Overview
Every Job in Supplier Data Manager starts with an input file.
By default, when using a file type that supports multiple sheets (such as Excel), only the first sheet is processed. However, this behavior can be customized using Custom Input Formats in the SDM admin.
Custom Input Formats
SDM admin > Home > Files > Input formats
Custom Input Formats are predefined templates that specify how multi-sheet files should be processed.
They allow for more complex data imports by defining:
- Which sheets should be present in the file
- What columns each sheet should contain
- How different sheets could/should be joined together
- Which columns are required and which are optional
- Any unique identifiers across the dataset
Custom Input Formats serve two primary functions:
- Matching: They define criteria to match against uploaded files.
- Transformation: They specify how data should be extracted and combined from matching files into the Pandas Dataframe that will be used by the job.
Data Transformation
Once a file matches a Custom Input Format:
- The system extracts data based on the format's specifications:
- It includes all specified columns.
- If a
null
entry is present in the columns list, all unnamed columns are also included.
- Sheets are joined together using pandas join operations as specified in the format.
Custom Input Formats can be defined and managed in the admin panel:
Input Upload Process
The following diagram illustrates the process of uploading a file and matching it with Custom Input Formats:
Configuration of Input Format
The configuration outlined in this document aims at providing a more digestable version of what is presented in the API docs. However the API docs are always up to date and should remain a source of truth. It is recommended to double check the info presented here against it.
Structure
The configuration object has the following structure:
{
"sheets": [ ... ],
"unique_columns": [ ... ]
}
Options
Sheets (required)
An array of objects, each representing a sheet in the Excel file. Each sheet object has the following properties:
- name (string, required): The name of the sheet in the Excel file.
-
columns (array of objects, required): Specifies the columns to be processed in the sheet. Each column object can have one of two structures:
- Standard column:
- name (string): The name of the column in the Excel file.
- Name-value pair column:
- name_from (string): The name of the column containing the attribute names.
-
value_from (string): The name of the column containing the attribute values.
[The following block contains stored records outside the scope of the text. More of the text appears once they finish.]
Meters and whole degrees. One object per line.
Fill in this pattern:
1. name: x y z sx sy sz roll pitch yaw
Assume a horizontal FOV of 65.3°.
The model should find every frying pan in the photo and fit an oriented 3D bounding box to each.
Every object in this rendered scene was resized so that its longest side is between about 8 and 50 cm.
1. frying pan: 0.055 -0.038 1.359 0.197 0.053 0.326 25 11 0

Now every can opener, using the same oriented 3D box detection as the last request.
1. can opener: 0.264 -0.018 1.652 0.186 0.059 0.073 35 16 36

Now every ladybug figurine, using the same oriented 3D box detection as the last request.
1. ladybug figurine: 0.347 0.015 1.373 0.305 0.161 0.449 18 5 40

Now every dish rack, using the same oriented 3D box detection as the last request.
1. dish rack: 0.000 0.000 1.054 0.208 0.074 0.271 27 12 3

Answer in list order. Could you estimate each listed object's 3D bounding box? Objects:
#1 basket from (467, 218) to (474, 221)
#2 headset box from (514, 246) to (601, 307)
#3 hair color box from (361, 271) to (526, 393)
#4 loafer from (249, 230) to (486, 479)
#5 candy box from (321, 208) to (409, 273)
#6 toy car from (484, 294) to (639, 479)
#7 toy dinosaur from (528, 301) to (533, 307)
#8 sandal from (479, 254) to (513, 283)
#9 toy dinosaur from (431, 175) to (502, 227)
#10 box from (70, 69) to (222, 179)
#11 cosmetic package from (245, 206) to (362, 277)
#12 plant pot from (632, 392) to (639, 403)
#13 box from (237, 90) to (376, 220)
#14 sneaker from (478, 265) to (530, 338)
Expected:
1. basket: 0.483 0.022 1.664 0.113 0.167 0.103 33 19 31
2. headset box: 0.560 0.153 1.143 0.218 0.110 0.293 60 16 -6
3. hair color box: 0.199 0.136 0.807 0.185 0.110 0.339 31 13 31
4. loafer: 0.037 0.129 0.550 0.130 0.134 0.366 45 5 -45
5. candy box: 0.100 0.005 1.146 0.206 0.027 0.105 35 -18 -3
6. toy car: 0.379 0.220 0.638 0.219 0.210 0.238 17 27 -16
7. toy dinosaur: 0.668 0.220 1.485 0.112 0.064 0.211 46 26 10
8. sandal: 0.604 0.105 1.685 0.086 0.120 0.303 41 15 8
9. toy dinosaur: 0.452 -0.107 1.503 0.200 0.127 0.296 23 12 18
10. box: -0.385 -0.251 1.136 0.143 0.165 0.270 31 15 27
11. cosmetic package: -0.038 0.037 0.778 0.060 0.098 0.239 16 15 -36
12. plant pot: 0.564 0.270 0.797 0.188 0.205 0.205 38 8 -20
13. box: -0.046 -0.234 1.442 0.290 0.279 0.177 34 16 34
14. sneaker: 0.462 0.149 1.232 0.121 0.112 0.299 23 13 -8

You cannot use name and name_from/value_from in the same column object.
- Standard column:
- skip_rows (integer, optional): The number of rows to skip at the beginning of the sheet. Useful for files with header information at the top.
- drop_duplicated_columns (boolean, optional, default: false): When set to true, it removes duplicate columns across multiple sheets. This is useful when the same information appears in multiple sheets.
-
join (object, optional): Specifies how this sheet should be joined with the previous sheet. Properties include:
- on (array of strings): The column(s) to join on.
-
how (string): The type of join to perform (e.g., "left", "right", "inner", "outer").
For more information on the join options, please refer to the Pandas docs as this is what is used behind the scenes.
- required (boolean, optional, default: true): Indicates whether this sheet must be present in the Excel file for the format to match.
Unique_columns (optional)
An array of strings representing the column names that serve as unique identifiers across all sheets. These columns are typically used for joining data between sheets.
Example
Here's an example of an input format demonstrating various features:
{
"sheets": [
{
"name": "Products",
"columns": [
{ "name": "ProductID" },
{ "name": "ProductName" },
{ "name": "Category" }
],
"skip_rows": 2,
"required": true
},
{
"name": "Attributes",
"columns": [
{ "name": "ProductID" },
{ "name_from": "AttributeName_3", "value_from": "AttributeValue_3" }
],
"drop_duplicated_columns": true,
"join": {
"on": ["ProductID"],
"how": "left"
}
}
],
"unique_columns": ["ProductID"]
}
Use case
Consider a Custom Input Format that specifies:
{
"sheets": [
{
"name": "01_COMMERCE",
"columns": [
{"name": "REFCIALE"},
{"name": "LIBELLE240"},
{"name": "LIBELLE80"},
{"name": "GTIN13"},
null
],
"required": true
},
{
"name": "02_LOGISTIQUE",
"columns": [
{"name": "MARQUE"},
{"name": "REFCIALE"},
null
],
"required": true,
"join": {
"on": ["REFCIALE"],
"how": "left"
}
}
],
"unique_columns": ["REFCIALE"]
}
This format will:
- Match files containing sheets named "
01_COMMERCE
" and "02_LOGISTIQUE
". - Ensure specified columns exist in each sheet.
- Include all columns from both sheets in the final dataset (due to the
null
incolumns
). - Join the "
02_LOGISTIQUE
" sheet to "01_COMMERCE
" using a left join on the "REFCIALE
" column.
Implications for what’s next in the job
- The resulting dataframe used in jobs will contain only the data specified by the Custom Input Format.
- By removing
null
entries from the columns list, you can restrict the dataframe to only specified columns.